I like it but it doesn't take much of it to light me on fire.


----------



## grumio (Apr 16, 2006)

I heard a chef on the radio talking about the stuff - she said they call it _Rooster Poo_ in her kitchen...


----------



## coolcook (Nov 14, 2007)

Maybe we could start a support group or something because i thought I was the only one. The way my mother and many southerners obsess on Texas Pete, I obsess on my dear friend the rooster. Which at home is refered to "Al's cock sauce" by my sweetie. I put it everywhere. Popcorn, eggs, bagels with Nutella, if its edible, it has worn a little sriracha. I'll be hunting up the shark brand to give it a try, though.


----------



## greg (Dec 8, 1999)

I think our version of a "support group" would probably just entail ensuring we were all well-supplied with the stuff.

Texas Pete is for rookies.


----------



## coolcook (Nov 14, 2007)

Oh I know TP is for rookies but I'm from Winston-Salem, NC, which is where it is made and bottled. You'd think it was a nutritional supplement around here. If a restaurant or food stand doesn't have Texas Pete, they won't be open long unless they sell something that REALLY appeals to the ladies. They all carry the stuff in their purses...


----------



## shroomgirl (Aug 11, 2000)

bagels nutella and sirachi?!!! whoa, you are in a whole 'nother league.


----------



## coolcook (Nov 14, 2007)

Its called living as an independant student. A lot of odd things start looking really tasty, when tuition, books, and rent are due. Unfortunately, once a taste for odd things is acquired, sometimes they don't go away. :lol:


----------



## psycho chef (Feb 1, 2007)

"Sweet sausage and nutella panini" was a big seller for me in the past. Most ordered it for the curiosity factor...don't know many who had it a second time though.....:roll:


----------



## shroomgirl (Aug 11, 2000)

gotcha....my first cherub makes ramen and BBQ sauce as a snack. 
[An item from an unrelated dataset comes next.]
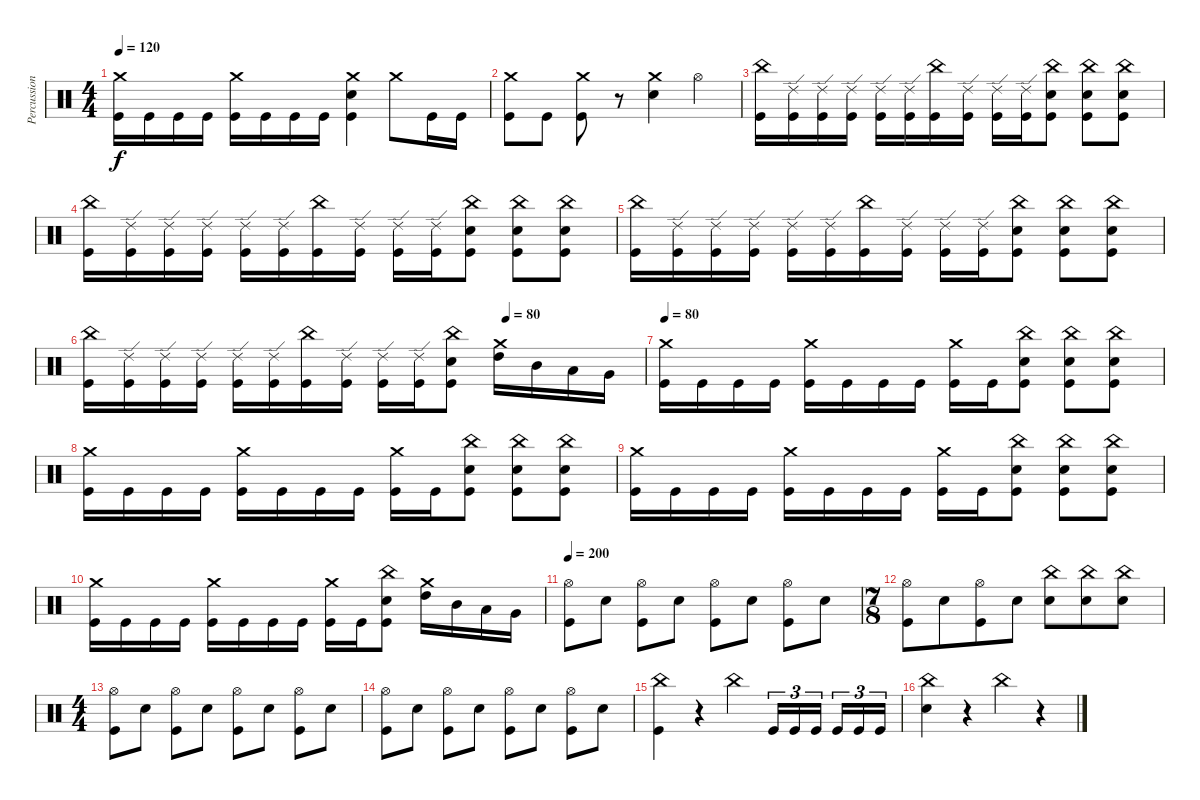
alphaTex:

Psycho, that's just gross....I'm trying to stretch my mind around hazelnut, chocolate, sweet sausage panini....nope no mole connection really.....

I can see banana, bacon, peanut butter ala Elvis (RIP).

That would be an interesting thread....what do/did you eat when times were frugel?


----------



## oregonyeti (Jun 16, 2007)

I love hot sauces except that I can taste the preservative in the Sriracha I've had. Wikipedia says

_Thai grocery stores carry the authentic Thai version, which usually has no preservatives and is refrigerated after opening._

I'll try to get some of that.


----------



## boar_d_laze (Feb 13, 2008)

Sriracha sauce, Shark brand, available online from ImportFood.com


----------



## shel (Dec 20, 2006)

Shark Brand is the real thing, baby!
Sriracha Chili Sauce Condiment or Crack?! 
scb


----------



## phatch (Mar 29, 2002)

I was in my preferred Asian market today looking for Shark brand because of this thread. They have nice big bottles of it. And it's cheaper than the rooster brand. Lower salt too which is good for me. 

Phil


----------



## oahuamateurchef (Nov 23, 2006)

I've been meaning to order that Shark brand stuff. I'd rather only buy 1 bottle to sample first, but I can't see spending $3.50 on a bottle only to pay $7.50 for shipping. I can only find Hoy Fung, and another even worse brand out where I live--even in Chinatown. I suppose I should just breakdown and buy 5 bottles...:crazy:

You know what--Done ! I just ordered 5 bottles.

Does anyone know how long the shelf of it is? I don't know how fast the two of us can finish them.

Oh, and shame on Ming Tsai. I just read his Blue Ginger cookbook--he lists Sriracha as from Vietnam! Guess he never gave any thought to look on a map.


----------



## phatch (Mar 29, 2002)

I see it on the tables in most vietnamese places, but rarely in Thai places. Not to say you're wrong, as the Shark brand is Thai as I recall. But I see it used more in Vietnamese recipes too.


----------



## oahuamateurchef (Nov 23, 2006)

Ming Tsai mentioned first tasting Sriracha in a Vietnamese restaurant when he was a kid. Yes, I agree that Sriracha is found on the tables in Vietnamese restaurants, not so much Thai restaurants.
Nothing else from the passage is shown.